The Aquaculture Stewardship Council’s new standard means up to 1,550 per cent more parasites can live on the fish.

Michelle Gamage 14 Oct

Michelle Gamage is a Vancouver-based journalist with an environmental focus who regularly reports on climate for The Tyee. You can find her on Twitter @Michelle_Gamage.

In early September the independent non-profit Aquaculture Stewardship Council increased the amount of sea lice allowable on farmed salmon that is certified as “responsibly farmed.”

B.C. farmed fish are now allowed to have three motile (or 0.6 to 1.7 adult female) sea lice on them, when they used to only be allowed 0.1 mature females to qualify for the label. Motile sea lice is an umbrella term for pre-adult and both male and female lice.
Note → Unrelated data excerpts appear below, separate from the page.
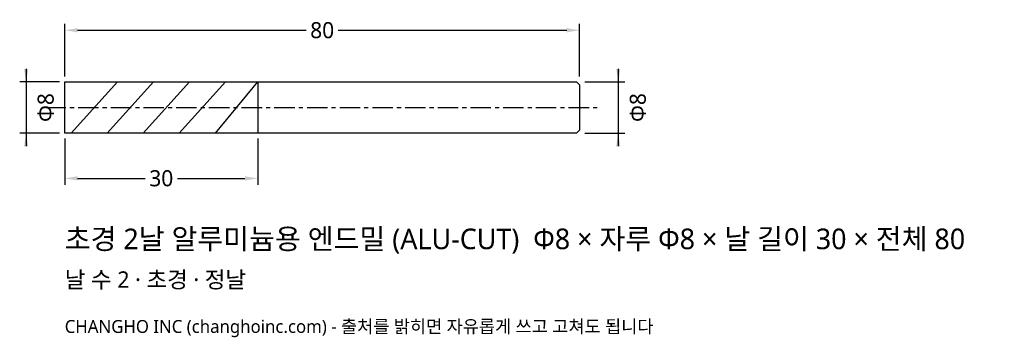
# Model space of a CAD drawing. Header units: millimetres. Extents: x -7 to 146, y -36 to 14.
import ezdxf

# ---------------------------------------------------------------- set-up
doc = ezdxf.new("R2010")
doc.units = ezdxf.units.MM
doc.linetypes.add('CENTER', pattern=[5.08, 3.175, -0.635, 0.635, -0.635])
for name, color, linetype in [('문자', 7, 'CONTINUOUS'), ('외형선', 7, 'CONTINUOUS'), ('중심선', 1, 'CENTER'), ('참고선', 8, 'CONTINUOUS'), ('치수', 4, 'CONTINUOUS')]:
    doc.layers.add(name, color=color, linetype=linetype)
doc.styles.add('CH_KOR', font='malgun.ttf')
doc.dimstyles.new('CH_DIM', dxfattribs={"dimtxt": 2.5, "dimasz": 2, "dimexe": 1, "dimexo": 0.8, "dimgap": 0.8, "dimtad": 1, "dimdec": 1, "dimdsep": 46, "dimtxsty": 'CH_KOR', "dimcen": 2.5, "dimclrd": 4, "dimclre": 4, "dimclrt": 4, "dimazin": 3, "dimtfac": 1, "dimtmove": 0, "dimatfit": 3})

# ---------------------------------------------------------------- blocks, each defined once
blk = doc.blocks.new('_CLOSEDFILLED')
at = {"color": 0, "linetype": 'BYBLOCK'}
blk.add_solid([(-1, 0.164), (0, 0), (-1, -0.164)], dxfattribs=at)
blk = doc.blocks.new('*D1')
at = {"color": 4}
for p, q in [((-6, 6), (-6, -6)), ((-0.8, 4), (-7, 4)), ((-0.8, -4), (-7, -4))]:
    blk.add_line(p, q, dxfattribs=at)
at = {"layer": 'Defpoints'}
for p in [(-6, 4), (0, 4), (0, -4)]:
    blk.add_point(p, dxfattribs=at)
at = {"layer": '치수', "color": 4, "xscale": 2, "yscale": 2}
for p, rotation in [((-6, 4), 270), ((-6, -4), 90)]:
    blk.add_blockref('_CLOSEDFILLED', p, dxfattribs=dict(at, rotation=rotation))
at = {"layer": '치수', "color": 4, "insert": (-2.95, 0), "char_height": 2.5, "attachment_point": 5, "rotation": 90, "style": 'CH_KOR'}
blk.add_mtext('Φ8', dxfattribs=at)
blk = doc.blocks.new('*D2')
at = {"color": 4}
for p, q in [((86, 6), (86, -6)), ((80.8, 4), (87, 4)), ((80.8, -4), (87, -4))]:
    blk.add_line(p, q, dxfattribs=at)
at = {"layer": 'Defpoints'}
for p in [(80, 4), (86, 4), (80, -4)]:
    blk.add_point(p, dxfattribs=at)
at = {"layer": '치수', "color": 4, "xscale": 2, "yscale": 2}
for p, rotation in [((86, 4), 270), ((86, -4), 90)]:
    blk.add_blockref('_CLOSEDFILLED', p, dxfattribs=dict(at, rotation=rotation))
at = {"layer": '치수', "color": 4, "insert": (89.05, 0), "char_height": 2.5, "attachment_point": 5, "rotation": 90, "style": 'CH_KOR'}
blk.add_mtext('Φ8', dxfattribs=at)
blk = doc.blocks.new('*D3')
at = {"color": 4}
for p, q in [((0, -4.8), (0, -12)), ((30, -4.8), (30, -12)), ((2, -11), (12.5, -11)), ((17.5, -11), (28, -11))]:
    blk.add_line(p, q, dxfattribs=at)
at = {"layer": 'Defpoints'}
for p in [(0, -4), (30, -4), (0, -11)]:
    blk.add_point(p, dxfattribs=at)
at = {"layer": '치수', "color": 4, "xscale": 2, "yscale": 2, "rotation": 180}
blk.add_blockref('_CLOSEDFILLED', (0, -11), dxfattribs=at)
at = {"layer": '치수', "color": 4, "xscale": 2, "yscale": 2}
blk.add_blockref('_CLOSEDFILLED', (30, -11), dxfattribs=at)
at = {"layer": '치수', "color": 4, "insert": (15, -11), "char_height": 2.5, "attachment_point": 5, "style": 'CH_KOR'}
blk.add_mtext('30', dxfattribs=at)
blk = doc.blocks.new('*D4')
at = {"color": 4}
for p, q in [((0, 4.8), (0, 13)), ((80, 4.8), (80, 13)), ((2, 12), (37.5, 12)), ((42.5, 12), (78, 12))]:
    blk.add_line(p, q, dxfattribs=at)
at = {"layer": 'Defpoints'}
for p in [(0, 12), (0, 4), (80, 4)]:
    blk.add_point(p, dxfattribs=at)
at = {"layer": '치수', "color": 4, "xscale": 2, "yscale": 2, "rotation": 180}
blk.add_blockref('_CLOSEDFILLED', (0, 12), dxfattribs=at)
at = {"layer": '치수', "color": 4, "xscale": 2, "yscale": 2}
blk.add_blockref('_CLOSEDFILLED', (80, 12), dxfattribs=at)
at = {"layer": '치수', "color": 4, "insert": (40, 12), "char_height": 2.5, "attachment_point": 5, "style": 'CH_KOR'}
blk.add_mtext('80', dxfattribs=at)

msp = doc.modelspace()

# ---------------------------------------------------------------- linework, layer by layer
at = {"layer": '외형선'}
msp.add_lwpolyline([(0, 4), (30, 4), (30, 4), (79.5, 4), (80, 3.5), (80, -3.5), (79.5, -4), (30, -4), (30, -4), (0, -4)], close=True, dxfattribs=at)
at = {"layer": '중심선'}
msp.add_line((-3, 0), (83, 0), dxfattribs=at)
at = {"layer": '참고선'}
for p, q in [((1, -4), (8.2, 4)), ((6.6, -4), (13.8, 4)), ((12.2, -4), (19.4, 4)), ((17.8, -4), (25, 4)), ((23.4, -4), (30, 4)), ((30, 4), (30, -4))]:
    msp.add_line(p, q, dxfattribs=at)

# ---------------------------------------------------------------- texts
at = {"layer": '문자', "style": 'CH_KOR'}
for s, height, p in [('초경 2날 알루미늄용 엔드밀 (ALU-CUT)  Φ8 × 자루 Φ8 × 날 길이 30 × 전체 80', 3.2, (0, -22)), ('날 수 2 · 초경 · 정날', 2.56, (0, -28)), ('CHANGHO INC (changhoinc.com) - 출처를 밝히면 자유롭게 쓰고 고쳐도 됩니다', 2, (0, -35))]:
    msp.add_text(s, height=height, dxfattribs=at).set_placement(p)

# ---------------------------------------------------------------- dimensions: what is measured, and where the dimension line sits
at = {"layer": '치수'}
for base, p1, p2, text, picture, middle in [((0, 12), (0, 4), (80, 4), '80', '*D4', (40, 12)), ((0, -11), (0, -4), (30, -4), '30', '*D3', (15, -11))]:
    dim = msp.add_linear_dim(base=base, p1=p1, p2=p2, text=text, dimstyle='CH_DIM', override={"dimscale": 1}, dxfattribs=at)
    dim.commit()
    dim.dimension.update_dxf_attribs({"geometry": picture, "text_midpoint": middle})
for base, p1, p2, picture, middle in [((-6, 4), (0, 4), (0, -4), '*D1', (-2.95, 0)), ((86, 4), (80, 4), (80, -4), '*D2', (89.05, 0))]:
    dim = msp.add_linear_dim(base=base, p1=p1, p2=p2, angle=90, text='Φ8', dimstyle='CH_DIM', override={"dimscale": 1}, dxfattribs=at)
    dim.commit()
    dim.dimension.update_dxf_attribs({"geometry": picture, "text_midpoint": middle})

doc.saveas('drawing.dxf')

This is a 540 to 1,550 per cent increase in the total allowable parasite limit.

Advocates say this won’t change anything in practice on B.C. fish farms because most farms were given exemptions from ASC sea lice limits and were operating under Fisheries and Oceans Canada limits, which are three motile lice per fish.

Sea lice are parasites native to B.C. that attach themselves to salmon and eat the fish’s mucous and skin layer, says Sean Godwin, a post-doctoral researcher at Simon Fraser University who specializes in sea lice. These parasites add stress to a wild fish, make them more susceptible to be eaten by predators and slow down their growth rate, he says.

Sea lice impact farmed salmon less because the fish are protected from predators and are regularly fed, he adds.

In their juvenile stages sea lice drift through the ocean in hopes of finding salmon to attach themselves to. Wild salmon shed the lice when they return to fresh water to spawn because sea lice cannot survive in fresh water, Godwin says. Because adult wild salmon tend to swim up rivers in the fall and juvenile salmon swim down rivers in the spring, sea lice transmission between the young and older fish are naturally prevented.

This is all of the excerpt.